Pure Python Time: 5.423821089090779 sec.


## Numpy 
Set the timer and calculate the time taken by `.dot()` function for multiplying A and B 


In [19]:
# start the timer
start = start = timeit.default_timer()

# Matrix multiplication in numpy
A.dot(B)

time_spent = timeit.default_timer() - start
print('Numpy Time:', time_spent, 'sec.')

Numpy Time: 0.033634579041972756 sec.


In [27]:
results

array([[5111., 5543., 5290., ..., 5210., 5128., 5253.],
       [5499., 5575., 5411., ..., 5473., 5395., 5404.],
       [4982., 5262., 5000., ..., 5083., 4902., 5138.],
       ...,
       [5193., 5772., 5329., ..., 5194., 5271., 5456.],
       [4855., 5111., 4702., ..., 4847., 4908., 4786.],
       [4605., 5239., 4773., ..., 4881., 4844., 4770.]])

In [24]:
A.dot(B)

array([[5111., 5543., 5290., ..., 5210., 5128., 5253.],
       [5499., 5575., 5411., ..., 5473., 5395., 5404.],
       [4982., 5262., 5000., ..., 5083., 4902., 5138.],
       ...,
       [5193., 5772., 5329., ..., 5194., 5271., 5456.],
       [4855., 5111., 4702., ..., 4847., 4908., 4786.],
       [4605., 5239., 4773., ..., 4881., 4844., 4770.]])

In [28]:
results == A.dot(B)

array([[ True,  True,  True, ...,  True,  True,  True],
       [ True,  True,  True, ...,  True,  True,  True],
       [ True,  True,  True, ...,  True,  True,  True],
       ...,
       [ True,  True,  True, ...,  True,  True,  True],
       [ True,  True,  True, ...,  True,  True,  True],
       [ True,  True,  True, ...,  True,  True,  True]])

In [29]:
5.423821089090779/0.033634579041972756

161.2572906687004

### Your comments 

```
Numpy was much faster than working out in Python.
```

NumPy provides support for large multidimensional arrays and matrices along with a collection of mathematical functions to operate on these elements. 

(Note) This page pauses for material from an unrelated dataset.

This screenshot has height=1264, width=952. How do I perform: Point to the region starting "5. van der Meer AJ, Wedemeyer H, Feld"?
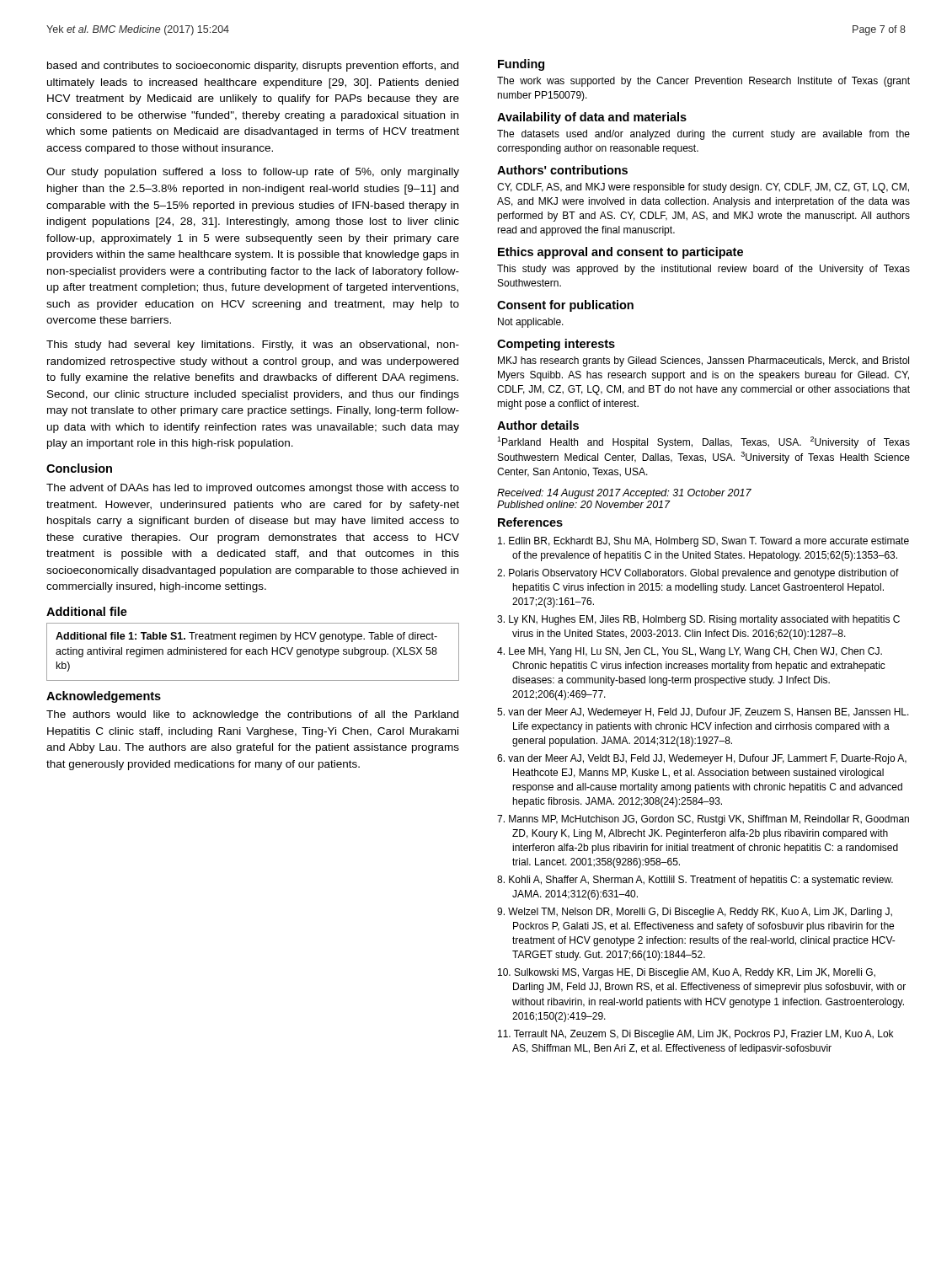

Numpy relies on well-known packages implemented in other languages (like Fortran) to perform efficient computations, bringing the user both the expressiveness of Python and a performance similar to MATLAB or Fortran.

## Summary

In this lab, we performed a quick comparison between calculating a dot product in numpy vs python built in function. We saw that Numpy is computationally much more efficient that Python code due to highly sophisticated implementation of Numpy source code. You are encouraged to always perform such tests to fully appreciate the use of an additional library in Python.